What is required
Exactly as written, please set down all of the entries again, with no pictures.

Data for this exercise

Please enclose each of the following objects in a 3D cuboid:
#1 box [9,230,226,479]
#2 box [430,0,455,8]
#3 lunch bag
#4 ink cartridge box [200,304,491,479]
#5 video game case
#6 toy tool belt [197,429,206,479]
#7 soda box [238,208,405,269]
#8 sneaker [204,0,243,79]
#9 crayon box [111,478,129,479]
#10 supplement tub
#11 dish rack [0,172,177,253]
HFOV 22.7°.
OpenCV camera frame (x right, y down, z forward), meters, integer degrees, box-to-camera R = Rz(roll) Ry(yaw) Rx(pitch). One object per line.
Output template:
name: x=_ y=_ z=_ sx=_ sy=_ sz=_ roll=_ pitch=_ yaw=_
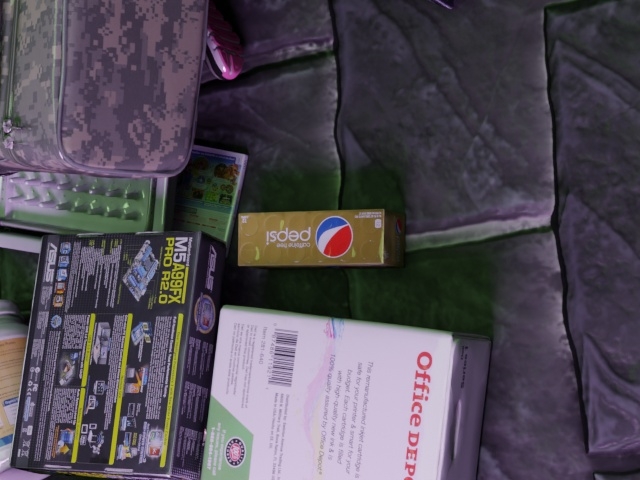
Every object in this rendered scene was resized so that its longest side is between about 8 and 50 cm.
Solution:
box: x=-0.223 y=0.126 z=1.751 sx=0.216 sy=0.060 sz=0.270 roll=-2 pitch=75 yaw=27
box: x=0.048 y=-0.447 z=1.701 sx=0.294 sy=0.183 sz=0.296 roll=26 pitch=95 yaw=26
lunch bag: x=-0.279 y=-0.211 z=1.730 sx=0.256 sy=0.212 sz=0.305 roll=8 pitch=96 yaw=45
ink cartridge box: x=0.027 y=0.183 z=1.685 sx=0.278 sy=0.117 sz=0.201 roll=5 pitch=87 yaw=28
video game case: x=-0.134 y=-0.047 z=1.852 sx=0.087 sy=0.011 sz=0.122 roll=12 pitch=91 yaw=28
toy tool belt: x=-0.166 y=0.244 z=1.815 sx=0.051 sy=0.052 sz=0.083 roll=19 pitch=107 yaw=28
soda box: x=0.000 y=0.000 z=1.751 sx=0.181 sy=0.058 sz=0.061 roll=-1 pitch=84 yaw=28
sneaker: x=-0.152 y=-0.241 z=1.854 sx=0.075 sy=0.063 sz=0.170 roll=-42 pitch=65 yaw=20
crayon box: x=-0.221 y=0.428 z=1.724 sx=0.083 sy=0.203 sz=0.323 roll=-31 pitch=75 yaw=50
supplement tub: x=-0.382 y=0.185 z=1.881 sx=0.144 sy=0.144 sz=0.199 roll=-31 pitch=72 yaw=22
dish rack: x=-0.299 y=-0.124 z=1.893 sx=0.333 sy=0.072 sz=0.285 roll=8 pitch=97 yaw=29
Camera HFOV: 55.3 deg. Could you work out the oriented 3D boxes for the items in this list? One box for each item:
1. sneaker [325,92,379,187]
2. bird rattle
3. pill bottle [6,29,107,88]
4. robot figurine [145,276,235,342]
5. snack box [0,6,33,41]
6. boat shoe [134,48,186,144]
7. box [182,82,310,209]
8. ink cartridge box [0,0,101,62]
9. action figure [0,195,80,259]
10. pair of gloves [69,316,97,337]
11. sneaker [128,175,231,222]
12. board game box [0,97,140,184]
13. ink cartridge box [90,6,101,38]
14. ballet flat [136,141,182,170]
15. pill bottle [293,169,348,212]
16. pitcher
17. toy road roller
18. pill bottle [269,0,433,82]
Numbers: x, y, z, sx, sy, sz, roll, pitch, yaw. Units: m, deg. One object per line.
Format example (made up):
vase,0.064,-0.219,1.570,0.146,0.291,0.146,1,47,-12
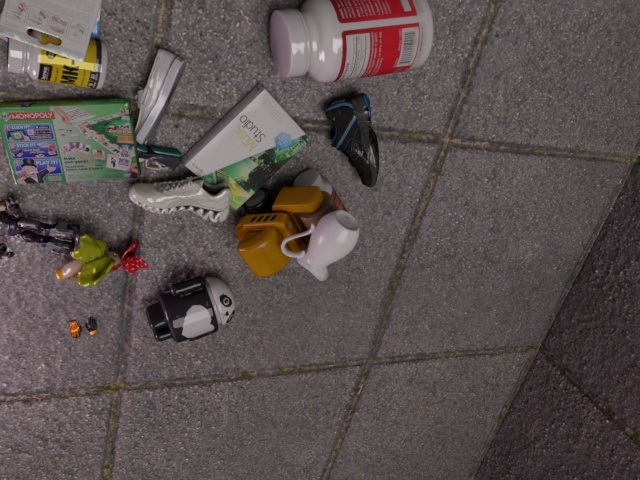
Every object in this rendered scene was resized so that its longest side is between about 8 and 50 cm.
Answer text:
sneaker,0.108,-0.311,1.941,0.140,0.125,0.340,-7,132,11
bird rattle,-0.639,0.060,1.763,0.207,0.253,0.143,-22,89,13
pill bottle,-0.620,-0.430,1.440,0.209,0.119,0.119,1,120,-30
robot figurine,-0.412,0.226,1.970,0.278,0.173,0.209,-19,171,-15
snack box,-0.690,-0.475,1.465,0.064,0.022,0.178,-49,129,9
boat shoe,-0.445,-0.382,1.621,0.084,0.095,0.258,29,104,-8
box,-0.217,-0.272,1.817,0.322,0.058,0.232,-42,130,6
ink cartridge box,-0.601,-0.544,1.381,0.189,0.066,0.232,15,96,-25
action figure,-0.809,-0.031,1.654,0.285,0.099,0.185,12,124,-28
pair of gloves,-0.753,0.278,1.940,0.083,0.010,0.074,-9,124,-23
sneaker,-0.397,-0.138,1.758,0.292,0.110,0.118,6,133,-22
board game box,-0.641,-0.255,1.576,0.318,0.046,0.213,-4,122,-9
ink cartridge box,-0.592,-0.538,1.454,0.123,0.052,0.088,2,119,-26
ballet flat,-0.486,-0.237,1.698,0.203,0.074,0.074,12,114,-35
pill bottle,0.001,-0.123,1.984,0.121,0.121,0.216,-35,130,-2
pitcher,0.000,0.000,1.756,0.178,0.125,0.207,26,126,-17
toy road roller,-0.107,-0.016,1.867,0.202,0.330,0.240,59,41,-40
pill bottle,0.081,-0.557,1.667,0.408,0.229,0.228,-13,126,-19
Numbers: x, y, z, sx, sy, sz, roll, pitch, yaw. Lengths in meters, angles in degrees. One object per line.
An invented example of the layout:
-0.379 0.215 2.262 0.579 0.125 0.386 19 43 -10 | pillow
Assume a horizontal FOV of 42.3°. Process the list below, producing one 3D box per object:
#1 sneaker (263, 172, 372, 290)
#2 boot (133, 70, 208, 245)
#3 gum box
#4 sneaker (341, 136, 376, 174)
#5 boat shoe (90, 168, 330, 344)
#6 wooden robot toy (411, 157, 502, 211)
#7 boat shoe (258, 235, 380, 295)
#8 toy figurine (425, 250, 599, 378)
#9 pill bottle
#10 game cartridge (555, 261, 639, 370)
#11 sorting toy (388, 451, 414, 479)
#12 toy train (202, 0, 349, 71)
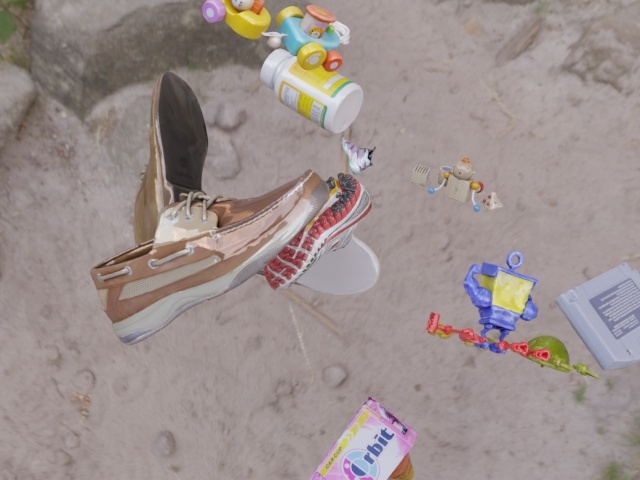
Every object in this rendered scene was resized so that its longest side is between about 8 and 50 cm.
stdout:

Answer box
Please enclose each of the following objects in a 3D cuboid:
#1 box [9,230,226,479]
#2 box [430,0,455,8]
#3 lunch bag
#4 ink cartridge box [200,304,491,479]
#5 video game case
#6 toy tool belt [197,429,206,479]
#7 soda box [238,208,405,269]
#8 sneaker [204,0,243,79]
#9 crayon box [111,478,129,479]
#10 supplement tub
#11 dish rack [0,172,177,253]
HFOV 22.7°.
OpenCV camera frame (x right, y down, z forward), meters, integer degrees, box-to-camera R = Rz(roll) Ry(yaw) Rx(pitch). One object per line.
Output template:
name: x=_ y=_ z=_ sx=_ sy=_ sz=_ roll=_ pitch=_ yaw=_
Every object in this rendered scene was resized so that its longest side is between about 8 and 50 cm.
Solution:
box: x=-0.223 y=0.126 z=1.751 sx=0.216 sy=0.060 sz=0.270 roll=-2 pitch=75 yaw=27
box: x=0.048 y=-0.447 z=1.701 sx=0.294 sy=0.183 sz=0.296 roll=26 pitch=95 yaw=26
lunch bag: x=-0.279 y=-0.211 z=1.730 sx=0.256 sy=0.212 sz=0.305 roll=8 pitch=96 yaw=45
ink cartridge box: x=0.027 y=0.183 z=1.685 sx=0.278 sy=0.117 sz=0.201 roll=5 pitch=87 yaw=28
video game case: x=-0.134 y=-0.047 z=1.852 sx=0.087 sy=0.011 sz=0.122 roll=12 pitch=91 yaw=28
toy tool belt: x=-0.166 y=0.244 z=1.815 sx=0.051 sy=0.052 sz=0.083 roll=19 pitch=107 yaw=28
soda box: x=0.000 y=0.000 z=1.751 sx=0.181 sy=0.058 sz=0.061 roll=-1 pitch=84 yaw=28
sneaker: x=-0.152 y=-0.241 z=1.854 sx=0.075 sy=0.063 sz=0.170 roll=-42 pitch=65 yaw=20
crayon box: x=-0.221 y=0.428 z=1.724 sx=0.083 sy=0.203 sz=0.323 roll=-31 pitch=75 yaw=50
supplement tub: x=-0.382 y=0.185 z=1.881 sx=0.144 sy=0.144 sz=0.199 roll=-31 pitch=72 yaw=22
dish rack: x=-0.299 y=-0.124 z=1.893 sx=0.333 sy=0.072 sz=0.285 roll=8 pitch=97 yaw=29
Camera HFOV: 55.3 deg. Could you work out the oriented 3D boxes for the items in this list? One box for each item:
1. sneaker [325,92,379,187]
2. bird rattle
3. pill bottle [6,29,107,88]
4. robot figurine [145,276,235,342]
5. snack box [0,6,33,41]
6. boat shoe [134,48,186,144]
7. box [182,82,310,209]
8. ink cartridge box [0,0,101,62]
9. action figure [0,195,80,259]
10. pair of gloves [69,316,97,337]
11. sneaker [128,175,231,222]
12. board game box [0,97,140,184]
13. ink cartridge box [90,6,101,38]
14. ballet flat [136,141,182,170]
15. pill bottle [293,169,348,212]
16. pitcher
17. toy road roller
18. pill bottle [269,0,433,82]
Numbers: x, y, z, sx, sy, sz, roll, pitch, yaw. Units: m, deg. One object per line.
Format example (made up):
vase,0.064,-0.219,1.570,0.146,0.291,0.146,1,47,-12
Every object in this rendered scene was resized so that its longest side is between about 8 and 50 cm.
Answer text:
sneaker,0.108,-0.311,1.941,0.140,0.125,0.340,-7,132,11
bird rattle,-0.639,0.060,1.763,0.207,0.253,0.143,-22,89,13
pill bottle,-0.620,-0.430,1.440,0.209,0.119,0.119,1,120,-30
robot figurine,-0.412,0.226,1.970,0.278,0.173,0.209,-19,171,-15
snack box,-0.690,-0.475,1.465,0.064,0.022,0.178,-49,129,9
boat shoe,-0.445,-0.382,1.621,0.084,0.095,0.258,29,104,-8
box,-0.217,-0.272,1.817,0.322,0.058,0.232,-42,130,6
ink cartridge box,-0.601,-0.544,1.381,0.189,0.066,0.232,15,96,-25
action figure,-0.809,-0.031,1.654,0.285,0.099,0.185,12,124,-28
pair of gloves,-0.753,0.278,1.940,0.083,0.010,0.074,-9,124,-23
sneaker,-0.397,-0.138,1.758,0.292,0.110,0.118,6,133,-22
board game box,-0.641,-0.255,1.576,0.318,0.046,0.213,-4,122,-9
ink cartridge box,-0.592,-0.538,1.454,0.123,0.052,0.088,2,119,-26
ballet flat,-0.486,-0.237,1.698,0.203,0.074,0.074,12,114,-35
pill bottle,0.001,-0.123,1.984,0.121,0.121,0.216,-35,130,-2
pitcher,0.000,0.000,1.756,0.178,0.125,0.207,26,126,-17
toy road roller,-0.107,-0.016,1.867,0.202,0.330,0.240,59,41,-40
pill bottle,0.081,-0.557,1.667,0.408,0.229,0.228,-13,126,-19
Numbers: x, y, z, sx, sy, sz, roll, pitch, yaw. Lengths in meters, angles in degrees. One object per line.
An invented example of the layout:
-0.379 0.215 2.262 0.579 0.125 0.386 19 43 -10 | pillow
Assume a horizontal FOV of 42.3°. Process the list below, producing one 3D box per object:
#1 sneaker (263, 172, 372, 290)
#2 boot (133, 70, 208, 245)
#3 gum box
#4 sneaker (341, 136, 376, 174)
#5 boat shoe (90, 168, 330, 344)
#6 wooden robot toy (411, 157, 502, 211)
#7 boat shoe (258, 235, 380, 295)
#8 toy figurine (425, 250, 599, 378)
#9 pill bottle
#10 game cartridge (555, 261, 639, 370)
#11 sorting toy (388, 451, 414, 479)
#12 toy train (202, 0, 349, 71)
Every object in this rendered scene was resized so that its longest side is between about 8 and 50 cm.
stdout:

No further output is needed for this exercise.